Task item: Every line from the opening of the records to the line with "Given: Locate the" should be restated exactly, with both ends included and the pictures left out.

Working data:
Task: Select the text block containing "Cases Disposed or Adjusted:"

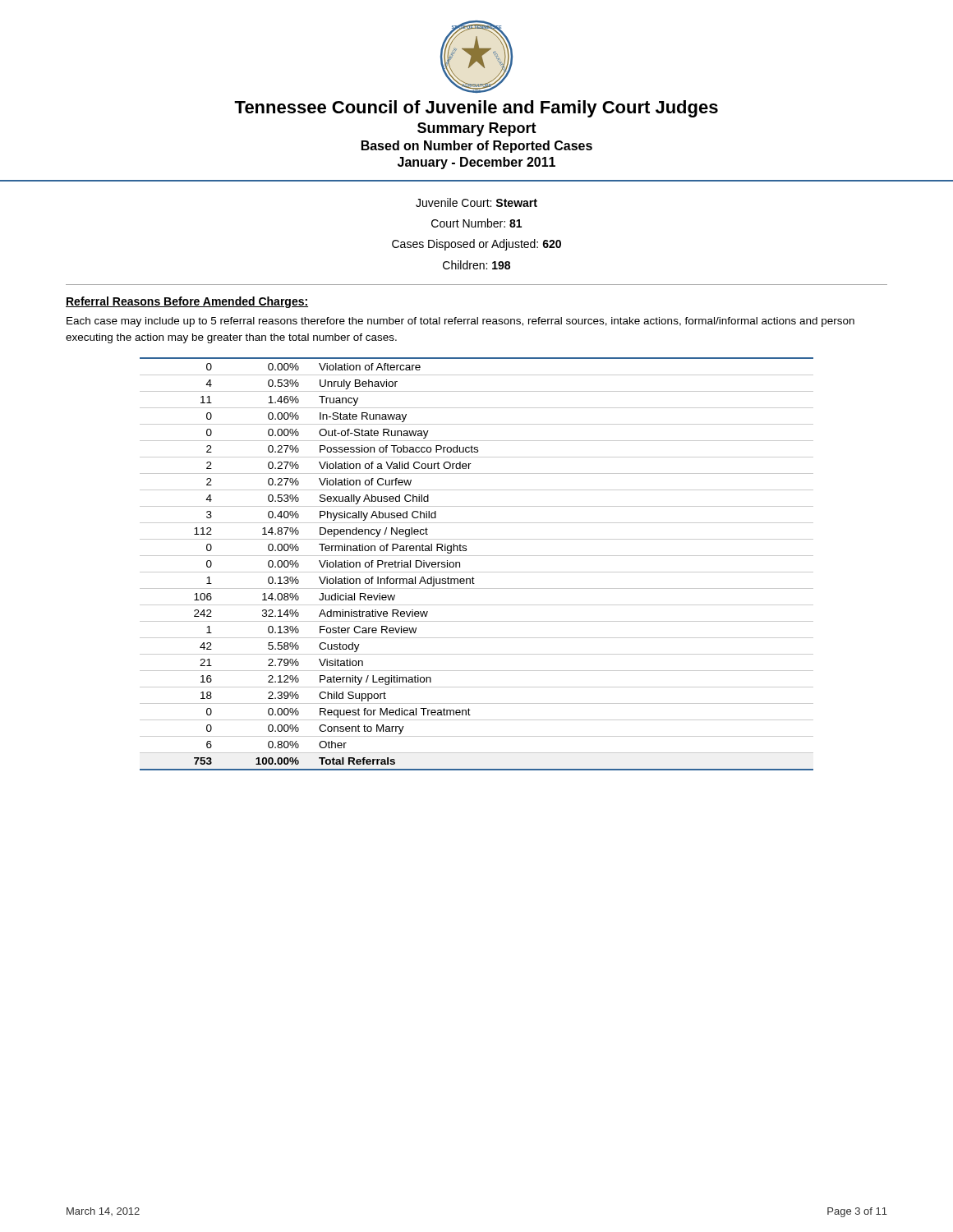Action: (x=476, y=244)
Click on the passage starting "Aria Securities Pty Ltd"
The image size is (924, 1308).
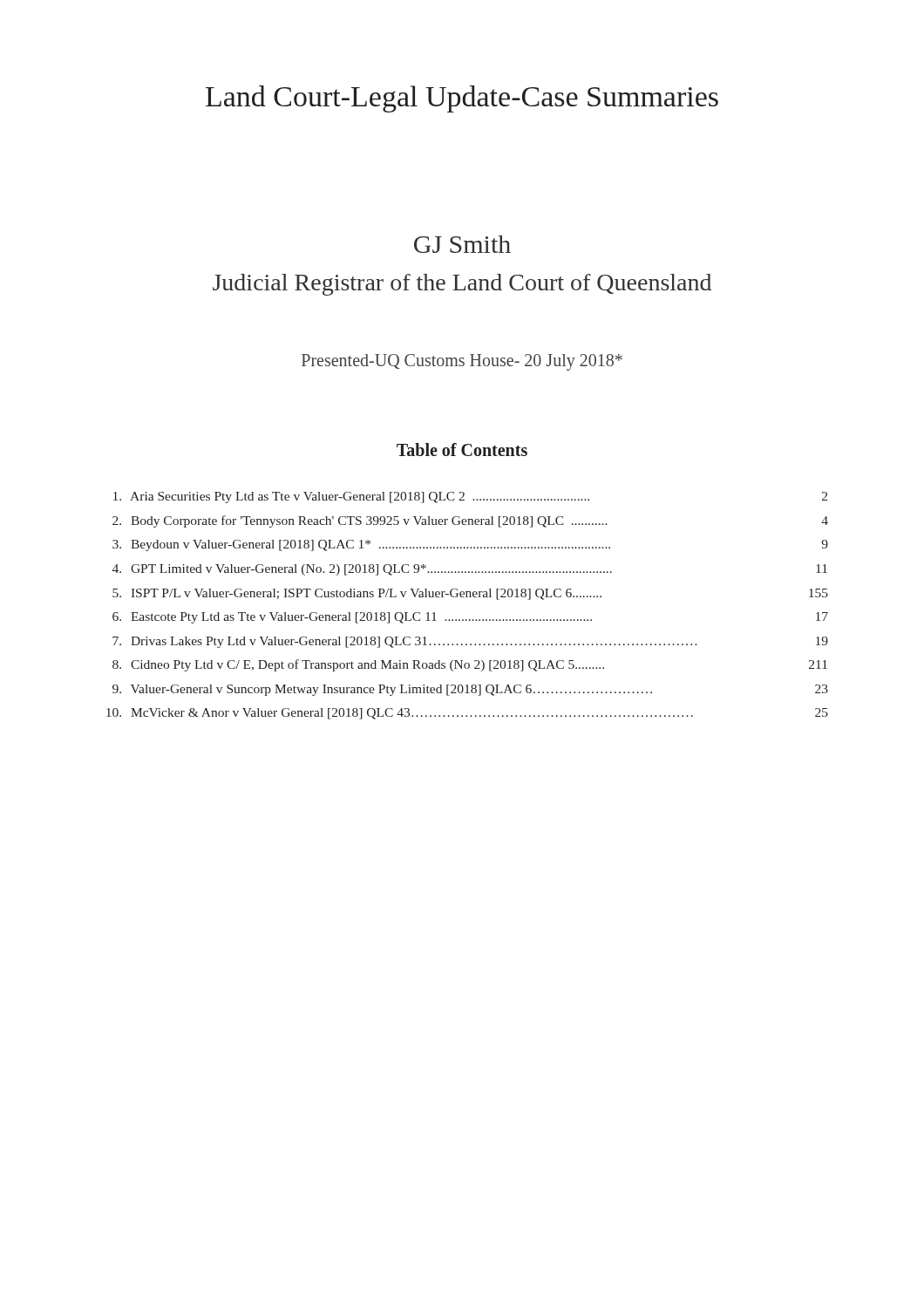click(462, 496)
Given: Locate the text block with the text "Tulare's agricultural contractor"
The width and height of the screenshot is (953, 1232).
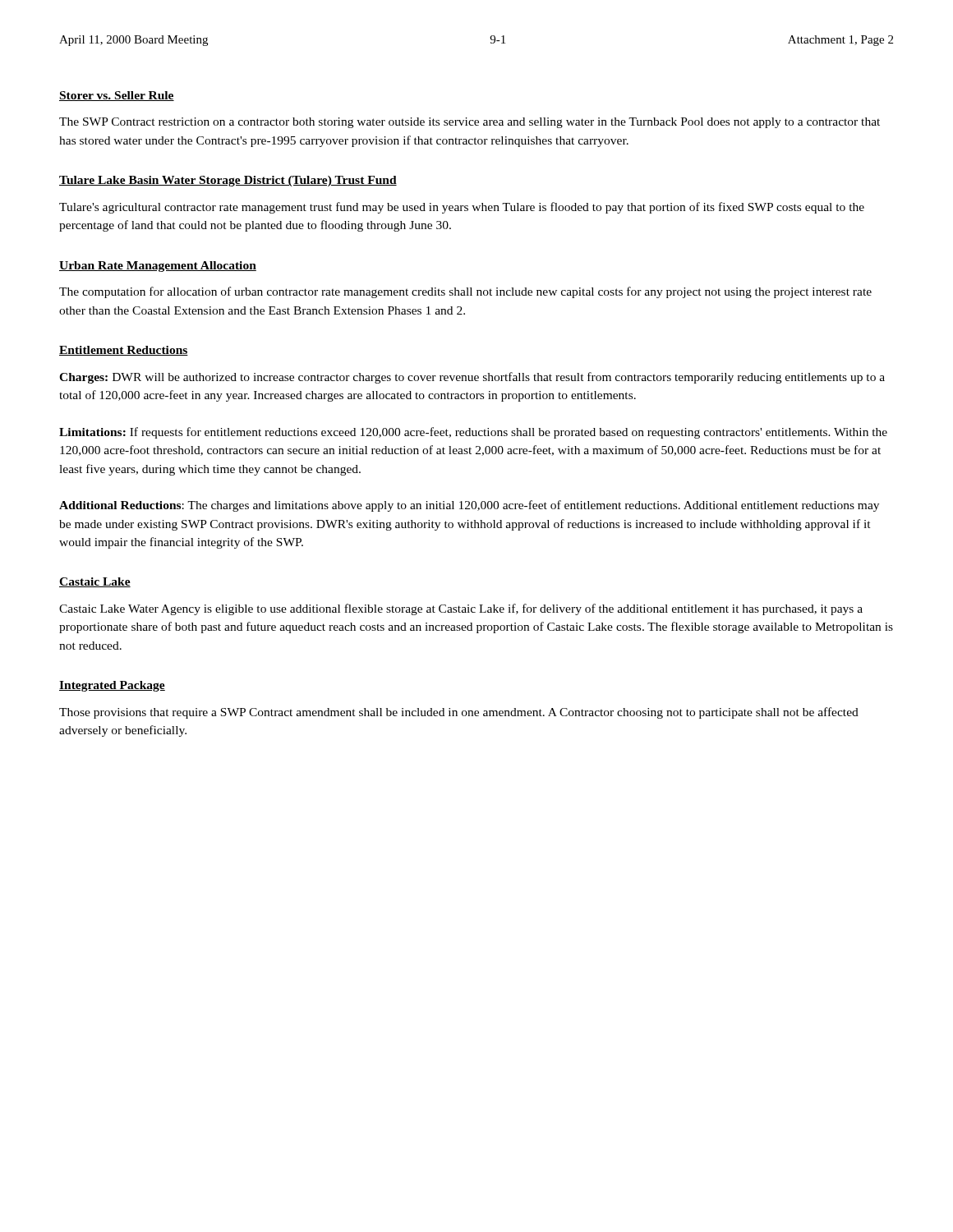Looking at the screenshot, I should tap(462, 216).
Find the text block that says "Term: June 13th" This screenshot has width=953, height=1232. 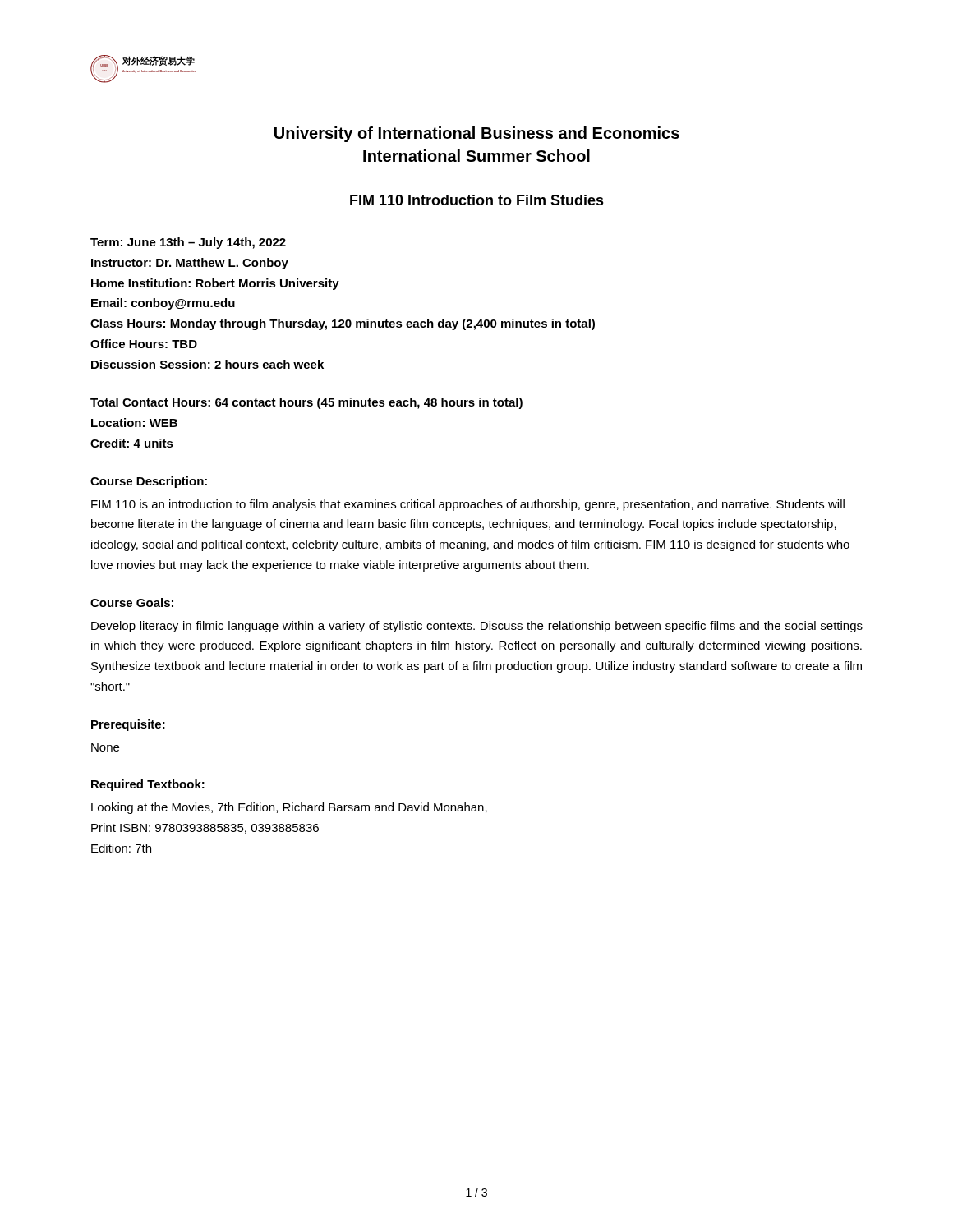tap(188, 243)
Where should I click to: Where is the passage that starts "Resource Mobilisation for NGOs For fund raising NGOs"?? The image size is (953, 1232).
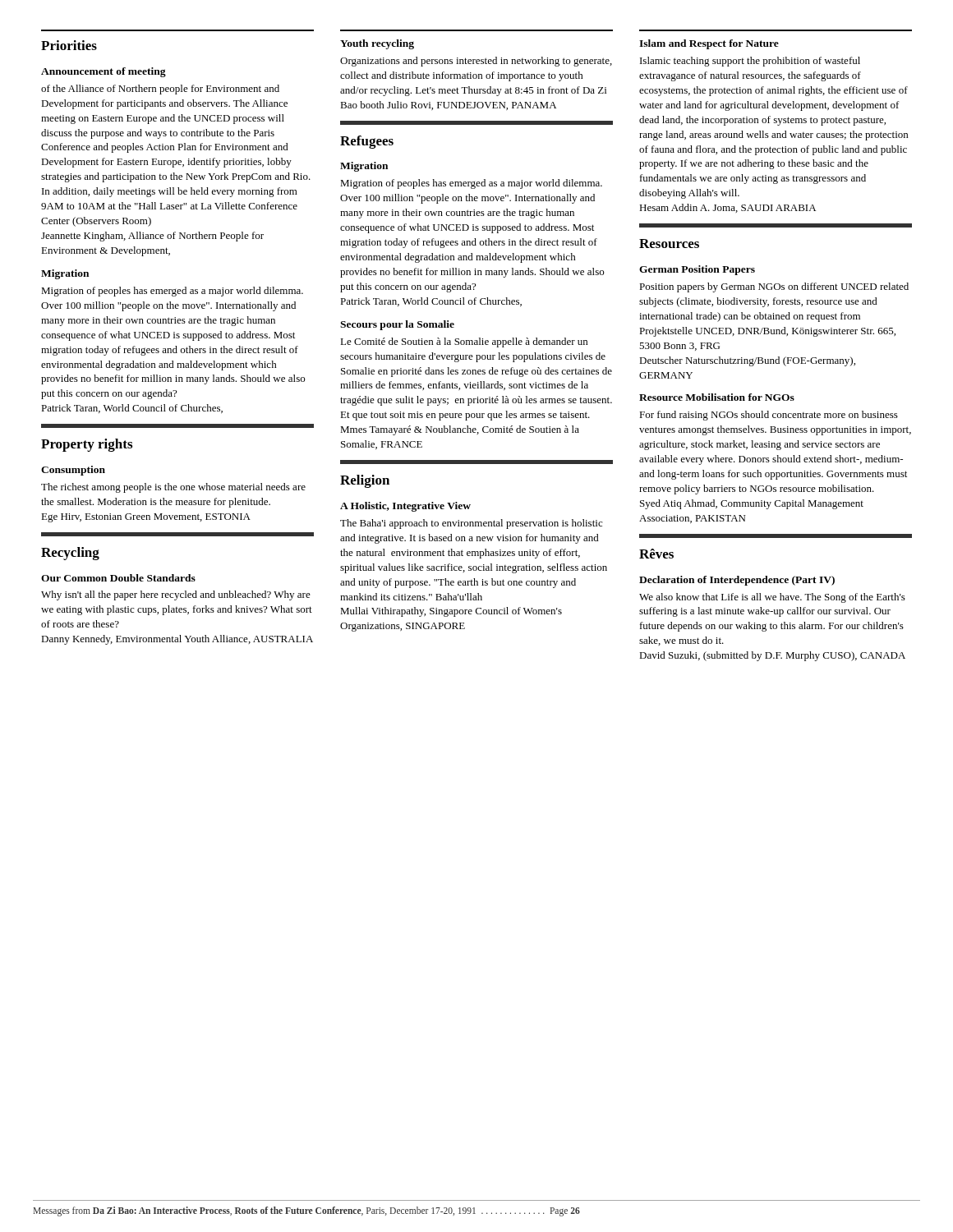(776, 458)
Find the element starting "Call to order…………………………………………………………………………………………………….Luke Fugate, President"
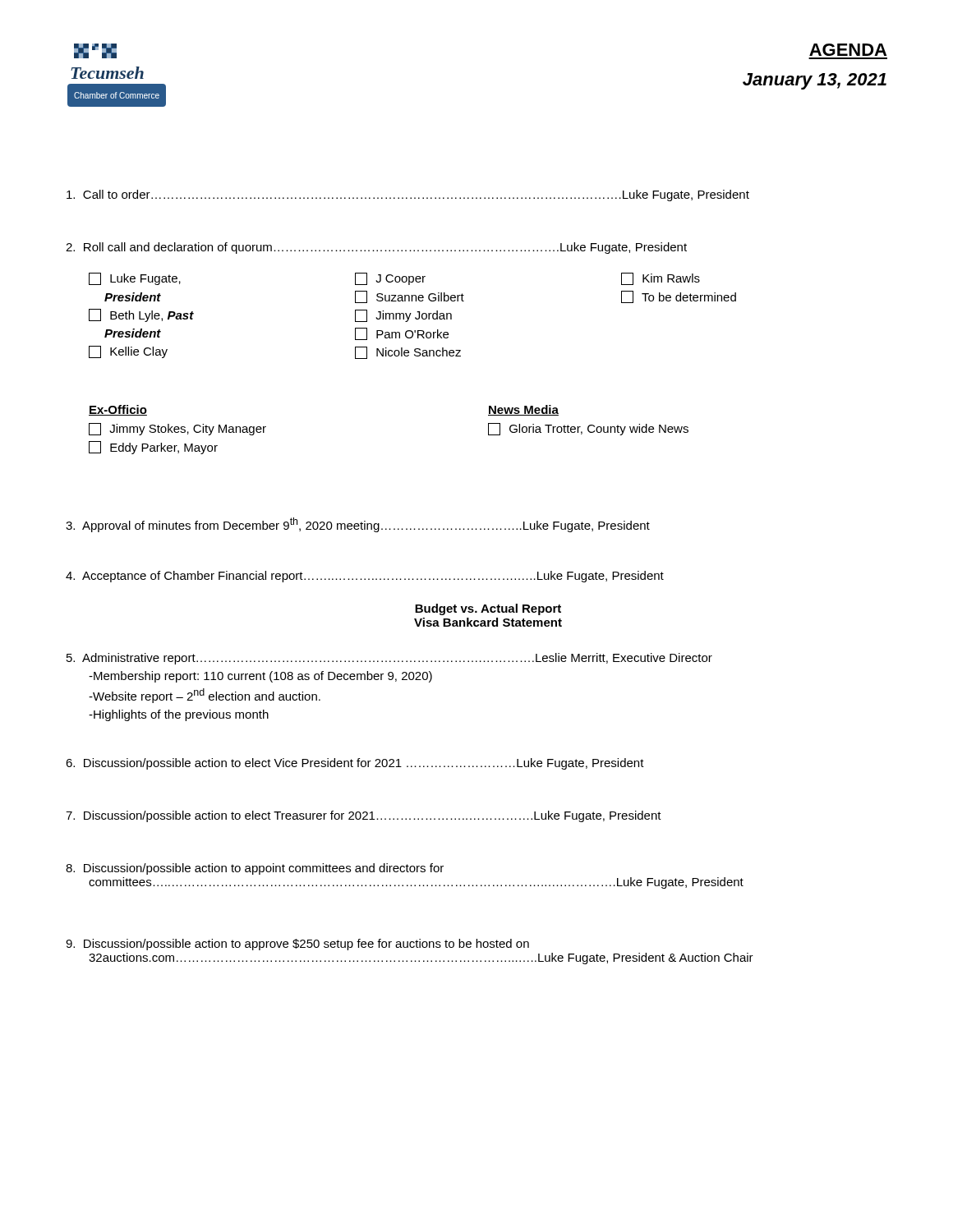 407,194

Solution below:
Task: Select the text block containing "Cases Disposed or Adjusted:"

Action: (x=476, y=244)
Click on the passage starting "Aria Securities Pty Ltd"
The image size is (924, 1308).
click(462, 496)
Given: Locate the text block with the text "Tulare's agricultural contractor"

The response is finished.